Il a d’abord exigé de la DGSE un rapport sur les services de sécurité présidentiels. Une note accablante lui est revenue. Mais Mitterrand regimbe encore. Les policiers ont des relais. Grossouvre a des rivaux. Il n’est pas simple de tout bouleverser, même au cœur de l’Élysée. Alors l’ami du président a eu l’idée d’organiser une petite mise en scène éclairante. Pour démontrer l’inefficacité du système, il a placé au pied d’une plante verte, dans la salle des fêtes du Palais, deux cartons à chaussures pleins de sable censés figurer une bombe. Il les a fait entrer par un ami qui n’a pas été fouillé à l’entrée. Dans les couloirs, l’homme est passé sans encombre. Une fois sur place, il a déposé ses « bombes ». Personne ne les a remarquées.

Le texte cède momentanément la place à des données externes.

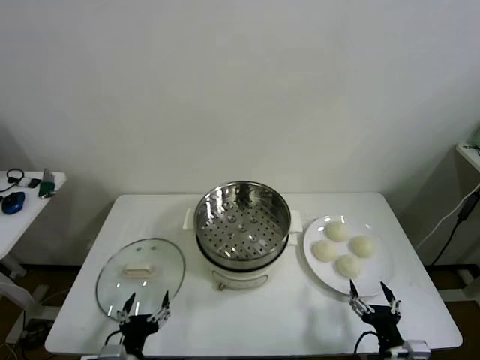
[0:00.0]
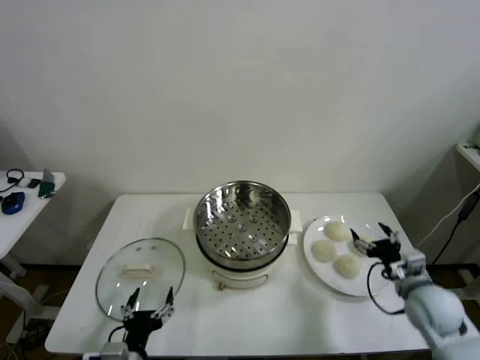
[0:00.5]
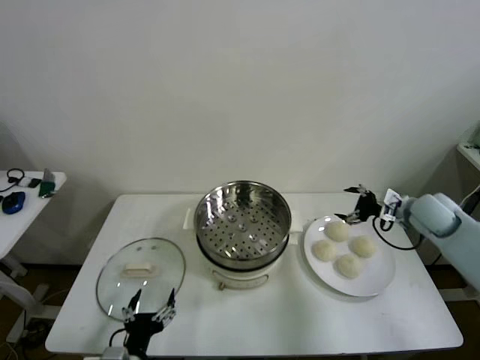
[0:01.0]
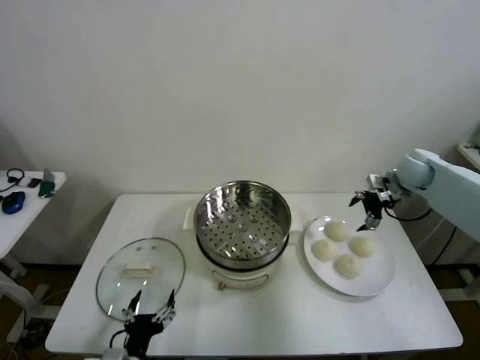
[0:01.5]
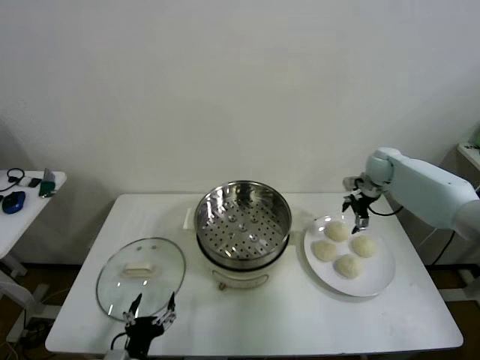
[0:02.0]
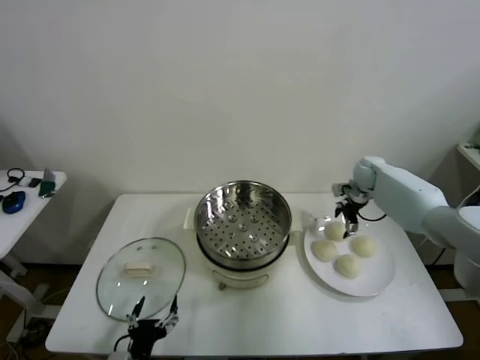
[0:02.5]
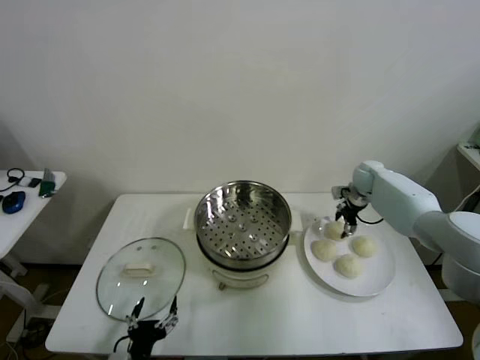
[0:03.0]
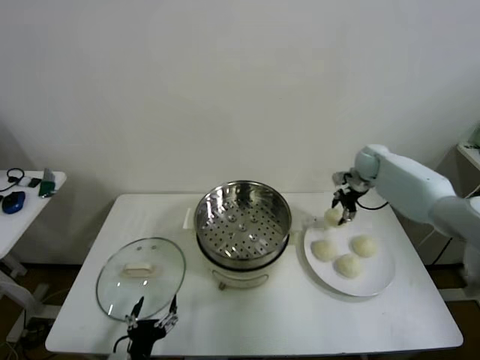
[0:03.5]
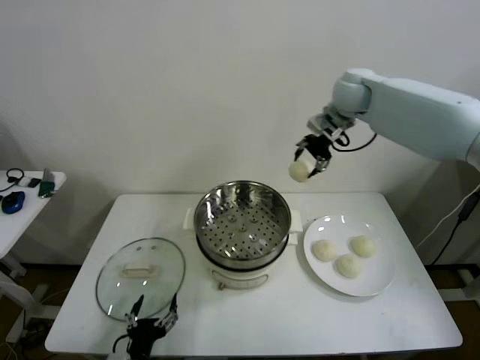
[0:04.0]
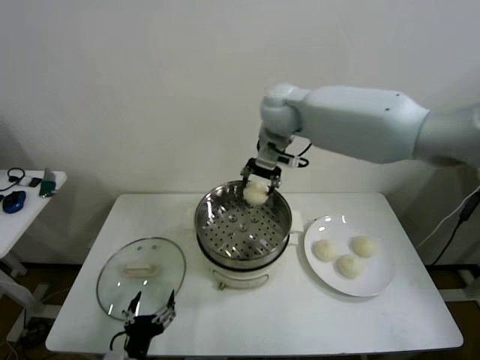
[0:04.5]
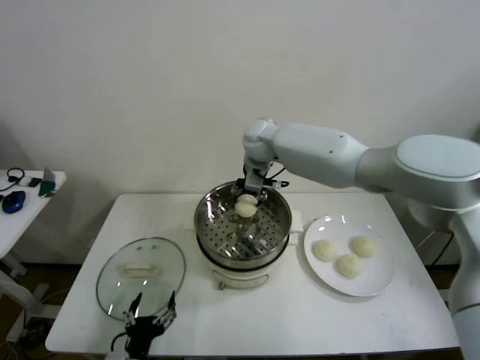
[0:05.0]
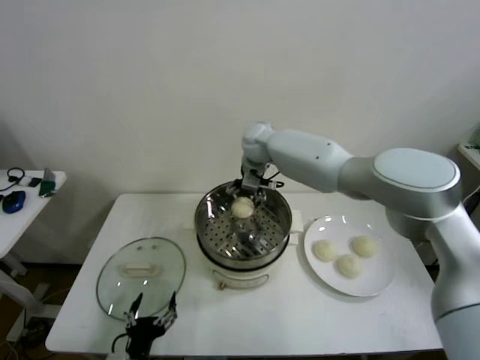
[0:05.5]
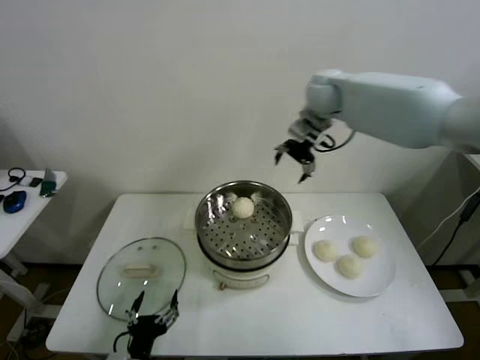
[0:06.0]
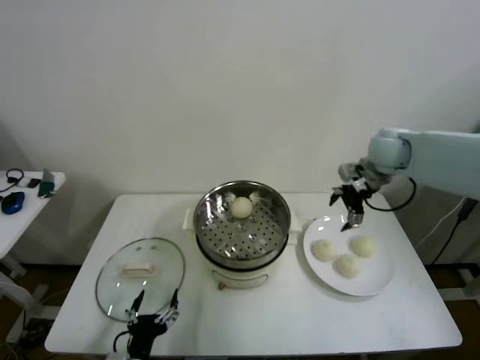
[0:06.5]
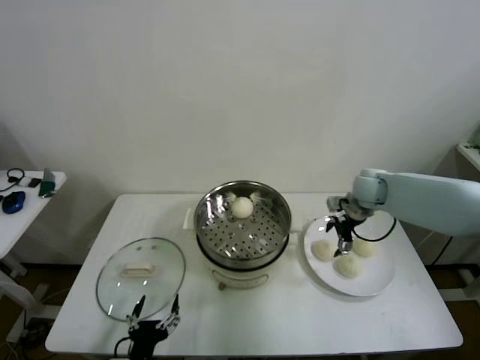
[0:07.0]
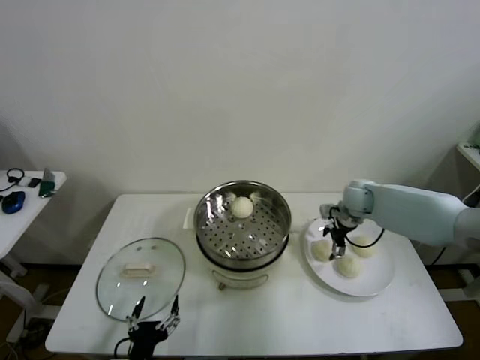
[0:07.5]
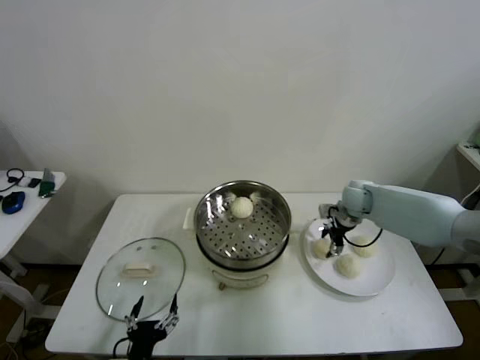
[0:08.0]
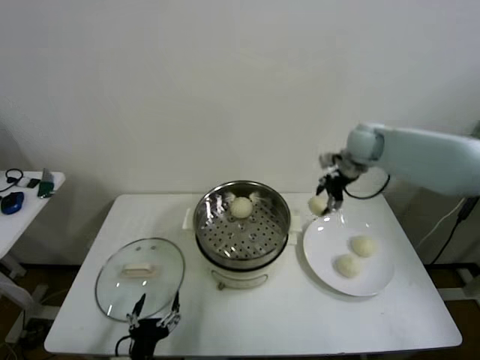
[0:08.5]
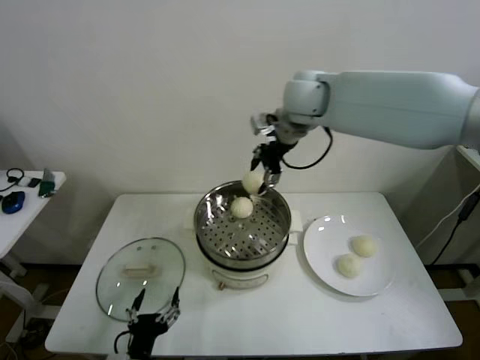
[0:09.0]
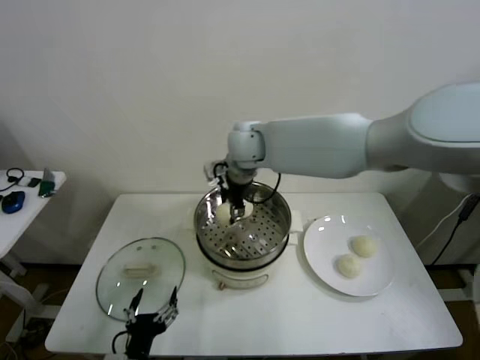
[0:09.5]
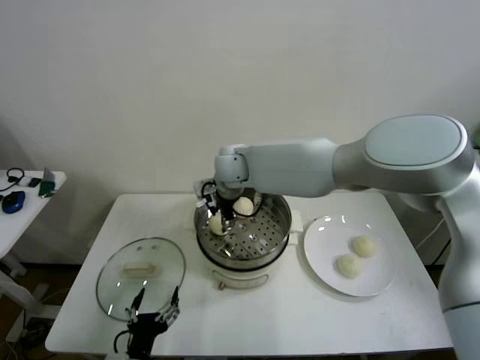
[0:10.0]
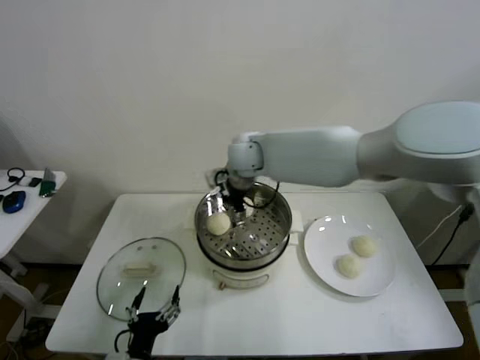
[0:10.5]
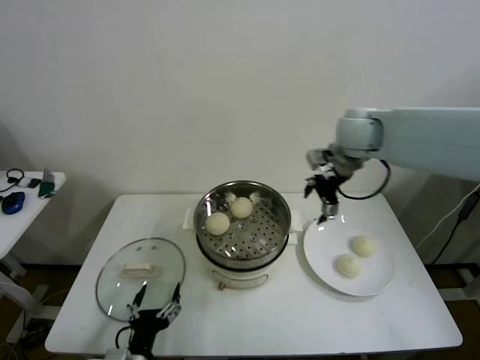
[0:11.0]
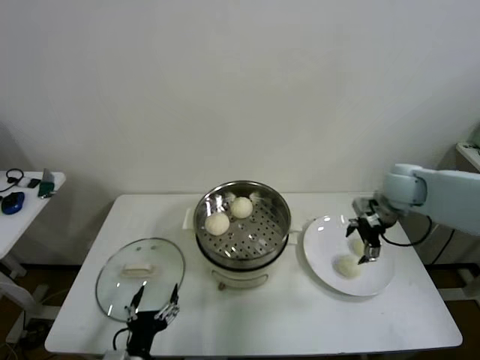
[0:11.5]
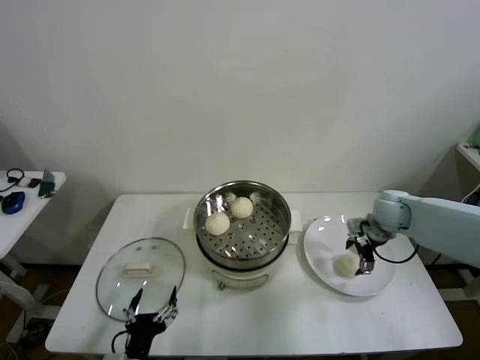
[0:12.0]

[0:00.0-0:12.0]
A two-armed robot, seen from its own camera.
Step, 0.0 to 3.0 s: Grasp the baozi in the plate with right gripper.
Step, 3.5 to 5.5 s: Place the baozi on the steamer with right gripper.
Step, 6.0 to 7.5 s: Grasp the baozi in the plate with right gripper.
Step, 8.5 to 10.0 s: Place the baozi on the steamer with right gripper.
2.0 to 4.0 s: The right gripper goes some 30 cm upward and to the left, and closes up.
4.0 to 6.0 s: The right gripper goes to the left and returns, some 15 cm each way, and opens its fingers.
6.0 to 8.0 s: The right gripper is displaced downward by approximately 25 cm, and closes up.
8.0 to 10.0 s: The right gripper goes some 35 cm to the left.
10.0 to 12.0 s: The right gripper shifts some 40 cm to the right, and opens its fingers.

Bien sûr, en fin psychologue, François a pris soin de raconter l’anecdote à Anne Pingeot qui bientôt s’affole. Celui qu’elle aime, maintenant qu’il est président, est l’homme de France le plus exposé. « Bon, occupez-vous-en », a concédé Mitterrand à son ami.

Le président a cédé cette fois d’autant mieux que, en plus du secret de sa double vie, il doit désormais cacher une autre vérité. Le 16 novembre 1981, il a appris que le mal de dos dont il ne parvenait pas à se débarrasser est en fait un cancer. Son médecin personnel, Claude Gübler, et le professeur Adolphe Steg, urologue réputé de l’hôpital Cochin, le lui ont annoncé avec le plus de ménagements possible, mais ils n’ont pas pu lui cacher la terrifiante réalité.

« Vous avez un cancer de la prostate qui est diffusé dans vos os et cette diffusion est importante », a expliqué Steg.

Un cancer, alors même qu’il vient d’atteindre l’objectif de toute une vie ! « Je suis foutu ! » La scène a été terrible. « On ne peut pas dire ça, voyons, on ne peut jamais dire qu’on est foutu.  Arrêtez vos salades, je suis foutu ! » Les deux médecins ont proposé un protocole médicamenteux qui suppose une surveillance étroite.

Mais plus tard Gübler a demandé : « Que dois-je dire à Danielle ?  Rien. – Qui dois-je avertir ? Qui peut m’aider dans votre entourage familial ?  Personne. » Il a alors compris que ce serait compliqué.

En réalité, Mitterrand n’a pas pu cacher la terrible nouvelle à Anne. Mais il a commis l’imprudence de s’en ouvrir à d’autres. André Rousselet, son directeur de cabinet, Pierre Bérégovoy, son secrétaire général, Jacques Attali, son conseiller spécial, Pierre Mauroy, son Premier ministre et… Grossouvre. Un jour que celui-ci est monté le voir, Mitterrand a ouvert la porte de sa chambre, dans ses appartements privés à l’Élysée, et montré une table de chevet couverte de petites fioles. « Voilà où j’en suis, François. J’ai un pépin de santé. Je viens d’être élu et je vais mourir ! »

Mais maintenant que le choc est passé, il voudrait bien que tout cela soit oublié. Est-ce parce qu’il se ment à lui-même ou parce qu’il refuse que ses intimes le croient affaibli, il a juré à Rousselet, à Bérégovoy et même à Grossouvre qu’il avait eu peur pour rien. « Les médecins ont fait une erreur de diagnostic », ment-il avec aplomb. Jacques Attali, dans ses notes, a écrit au mois de décembre 1981 : « Le Président me dit qu’il a un cancer et qu’il est condamné. » Quelques jours plus tard, il se reprend : « Le Président me dit : "Les médecins sont des imbéciles, ils se sont trompés. Je n’ai pas de cancer." » Dans quelques semaines, à le voir si vaillant, ils auront tous oublié.

Mais Mitterrand a gardé la hantise qu’un malaise le prenne lors d’un voyage officiel, d’une réception, d’un entretien à l’étranger. Il lui faut une équipe pour empêcher toute fuite sur sa santé. Les fausses bombes de Grossouvre sont donc une aubaine. Et comme ce dernier a suggéré le nom de Christian Prouteau, le président a donné son accord.